╔══

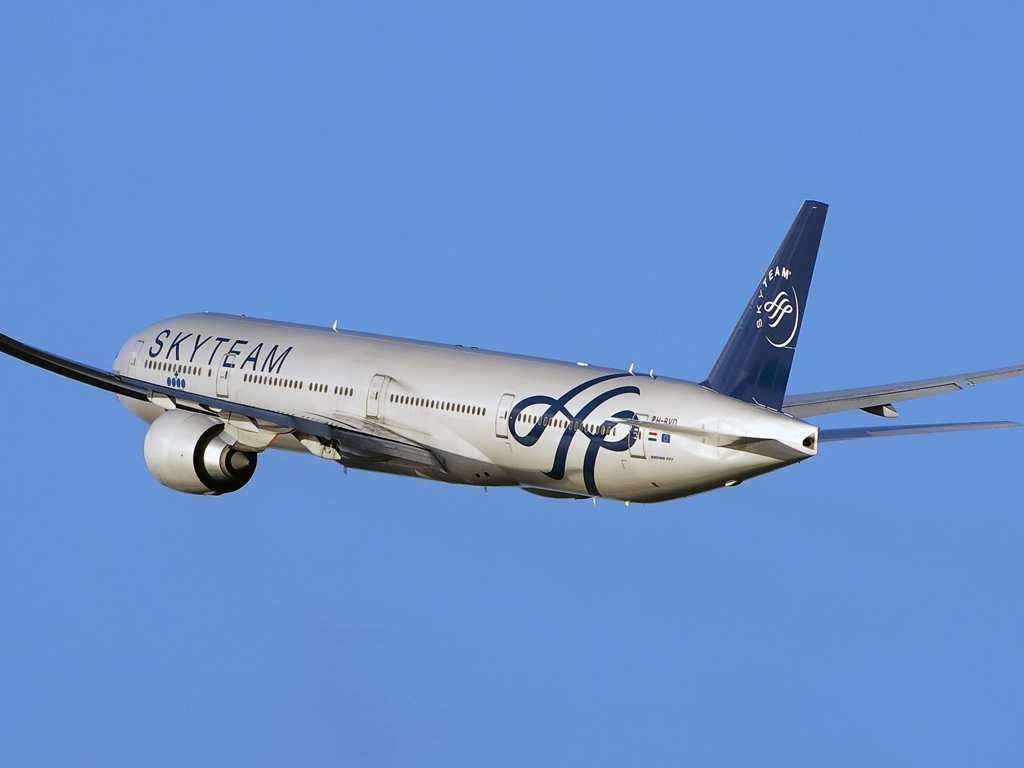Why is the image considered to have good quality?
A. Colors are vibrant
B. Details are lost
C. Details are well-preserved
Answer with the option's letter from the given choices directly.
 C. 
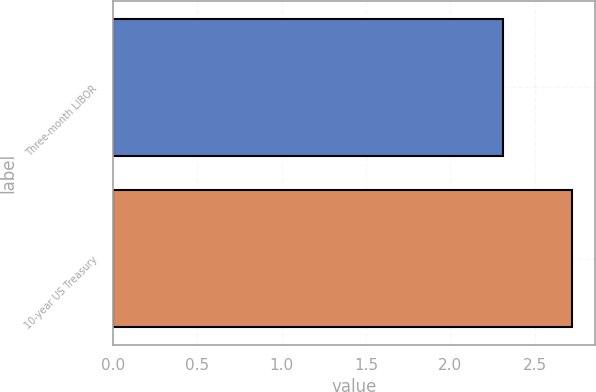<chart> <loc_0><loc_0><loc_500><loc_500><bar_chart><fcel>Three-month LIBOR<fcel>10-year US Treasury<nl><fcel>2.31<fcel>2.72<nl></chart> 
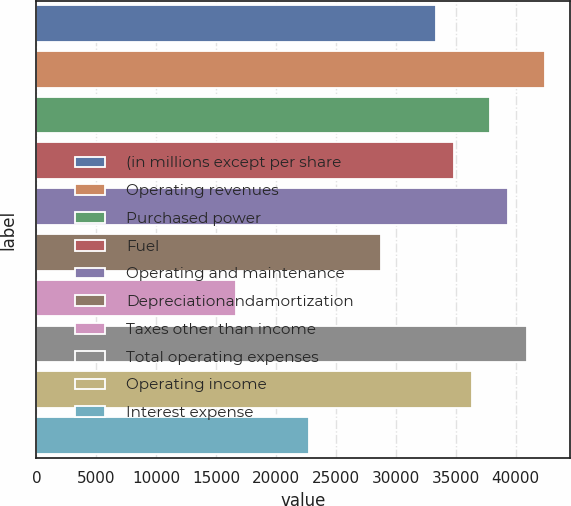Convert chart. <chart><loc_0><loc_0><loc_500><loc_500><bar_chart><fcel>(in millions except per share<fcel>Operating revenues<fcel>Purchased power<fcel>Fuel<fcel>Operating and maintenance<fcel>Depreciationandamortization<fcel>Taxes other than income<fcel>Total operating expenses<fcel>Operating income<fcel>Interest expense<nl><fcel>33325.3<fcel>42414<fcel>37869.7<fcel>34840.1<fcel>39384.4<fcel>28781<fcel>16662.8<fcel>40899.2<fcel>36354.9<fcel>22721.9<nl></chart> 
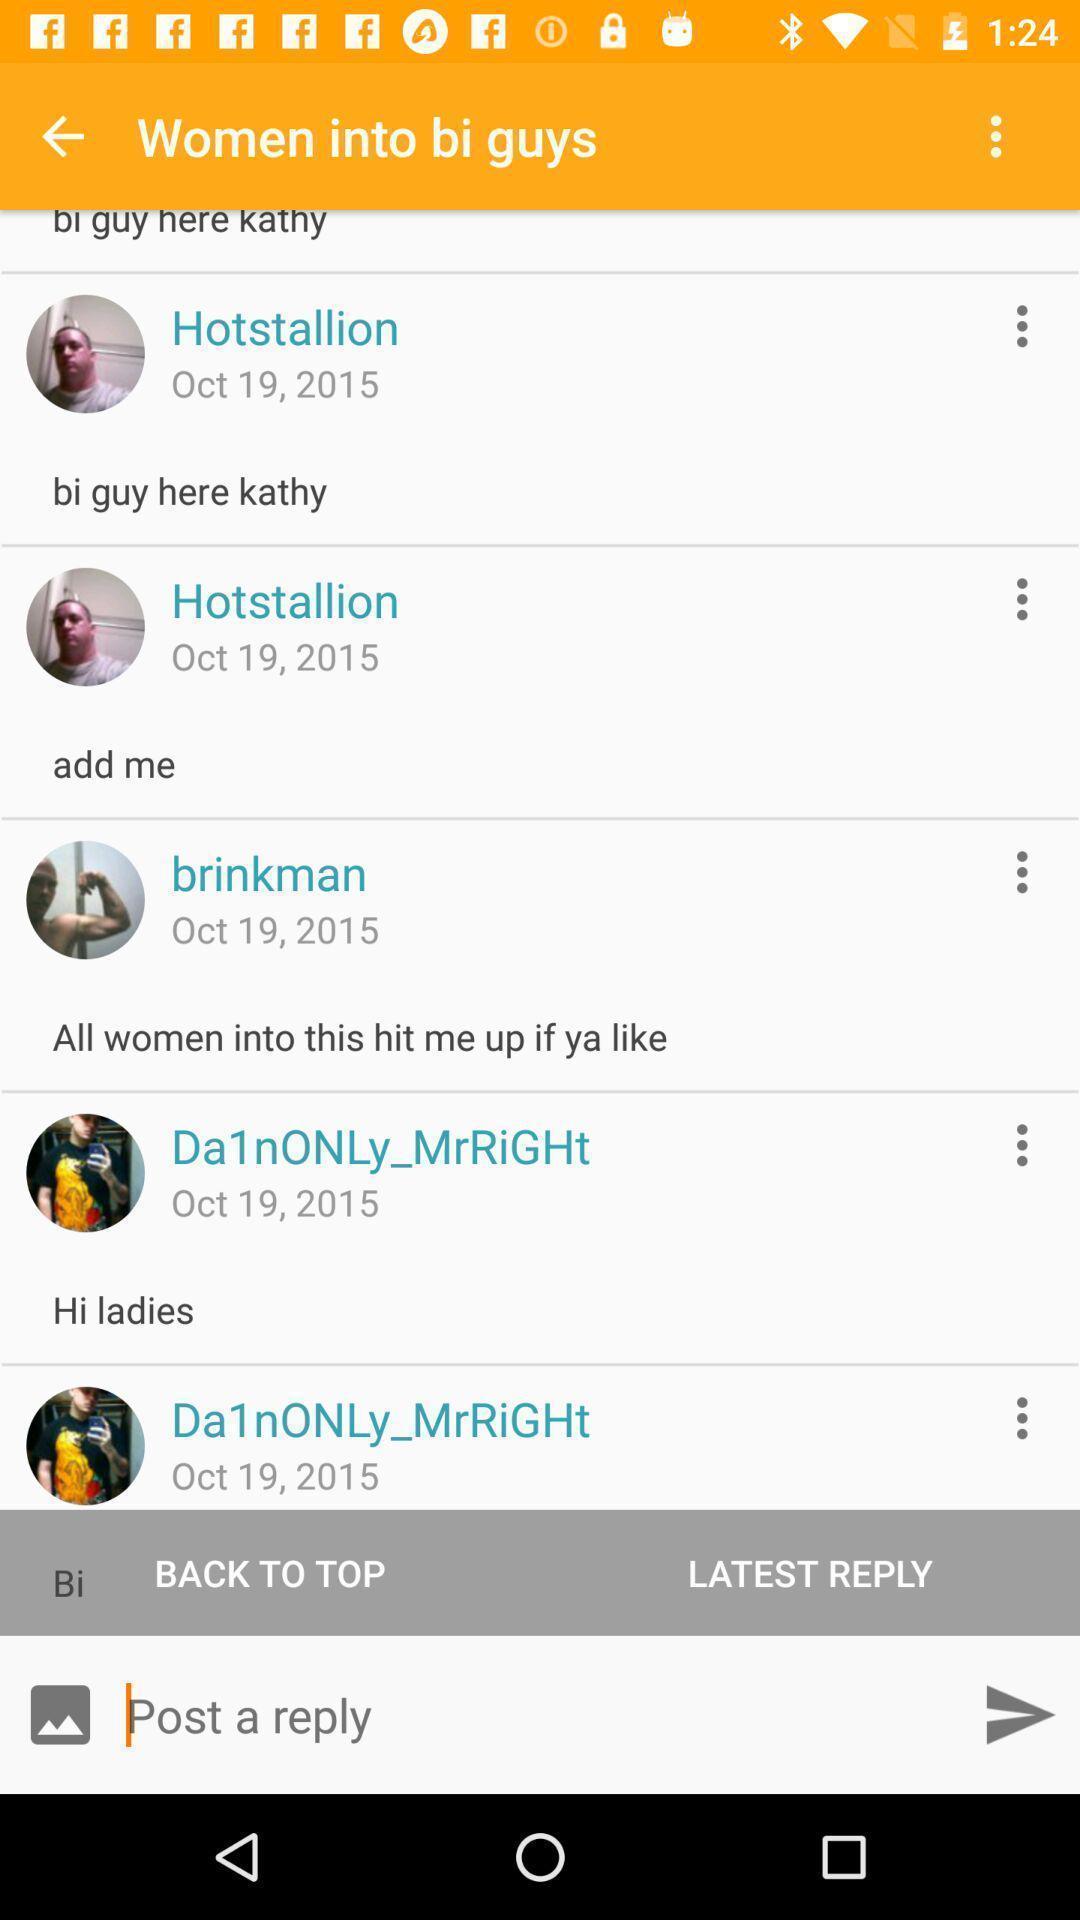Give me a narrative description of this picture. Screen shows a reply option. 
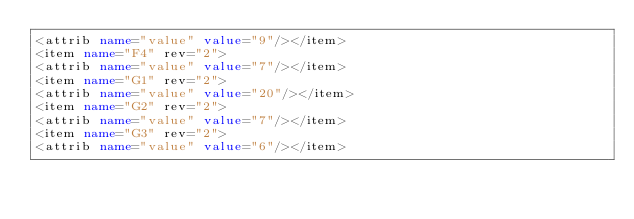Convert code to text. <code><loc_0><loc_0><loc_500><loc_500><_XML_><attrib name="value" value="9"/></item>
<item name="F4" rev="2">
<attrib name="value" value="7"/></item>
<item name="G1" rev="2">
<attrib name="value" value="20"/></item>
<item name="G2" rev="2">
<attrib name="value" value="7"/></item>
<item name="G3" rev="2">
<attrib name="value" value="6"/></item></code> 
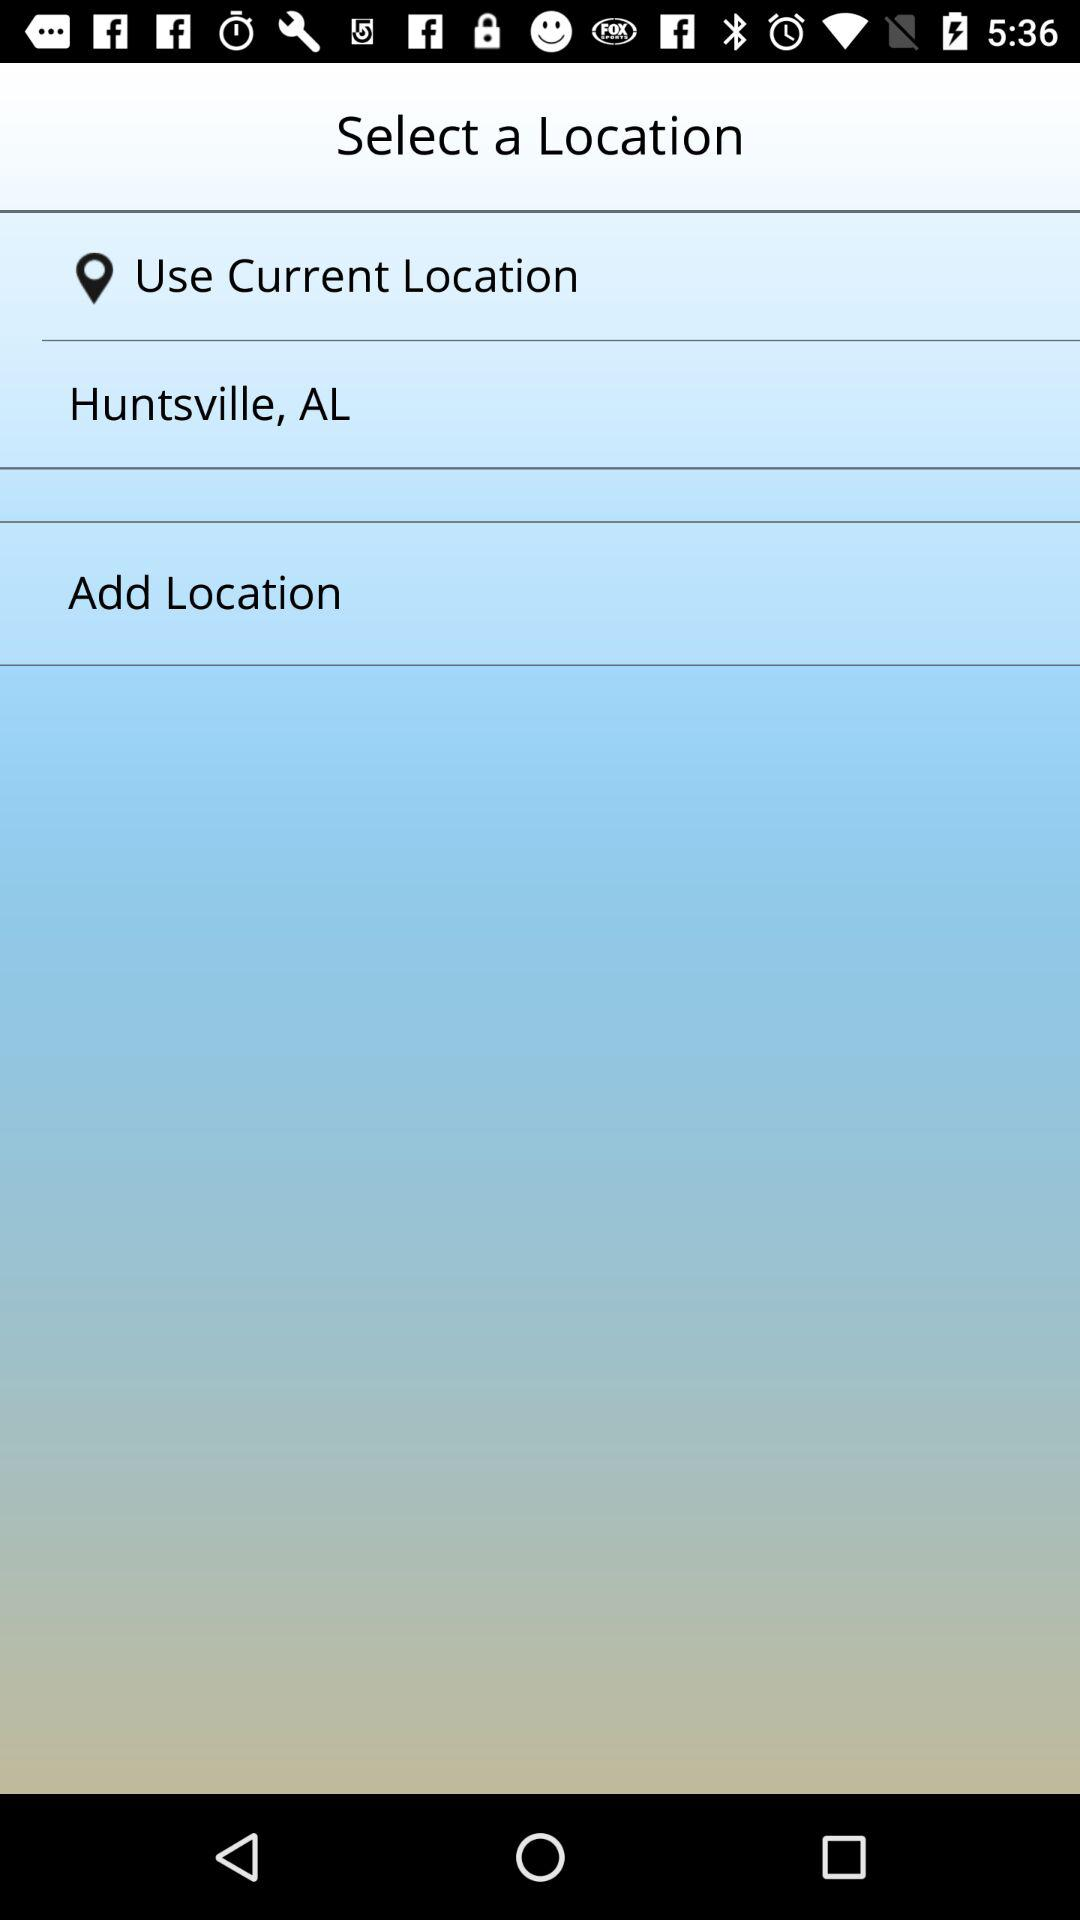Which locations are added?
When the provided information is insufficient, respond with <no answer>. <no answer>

╚══

**Work to be completed**
Give back the data exactly. Skip any images.

**Solution for this exercise**
Why is the image considered to have good quality?
A. Colors are vibrant
B. Details are lost
C. Details are well-preserved
Answer with the option's letter from the given choices directly.
 C. 
<chart> <loc_0><loc_0><loc_500><loc_500><bar_chart><fcel>Three-month LIBOR<fcel>10-year US Treasury<nl><fcel>2.31<fcel>2.72<nl></chart> 
Convert chart. <chart><loc_0><loc_0><loc_500><loc_500><bar_chart><fcel>(in millions except per share<fcel>Operating revenues<fcel>Purchased power<fcel>Fuel<fcel>Operating and maintenance<fcel>Depreciationandamortization<fcel>Taxes other than income<fcel>Total operating expenses<fcel>Operating income<fcel>Interest expense<nl><fcel>33325.3<fcel>42414<fcel>37869.7<fcel>34840.1<fcel>39384.4<fcel>28781<fcel>16662.8<fcel>40899.2<fcel>36354.9<fcel>22721.9<nl></chart> 
Give me a narrative description of this picture. Screen shows a reply option. 
Convert code to text. <code><loc_0><loc_0><loc_500><loc_500><_XML_><attrib name="value" value="9"/></item>
<item name="F4" rev="2">
<attrib name="value" value="7"/></item>
<item name="G1" rev="2">
<attrib name="value" value="20"/></item>
<item name="G2" rev="2">
<attrib name="value" value="7"/></item>
<item name="G3" rev="2">
<attrib name="value" value="6"/></item></code> 
Which locations are added?
When the provided information is insufficient, respond with <no answer>. <no answer>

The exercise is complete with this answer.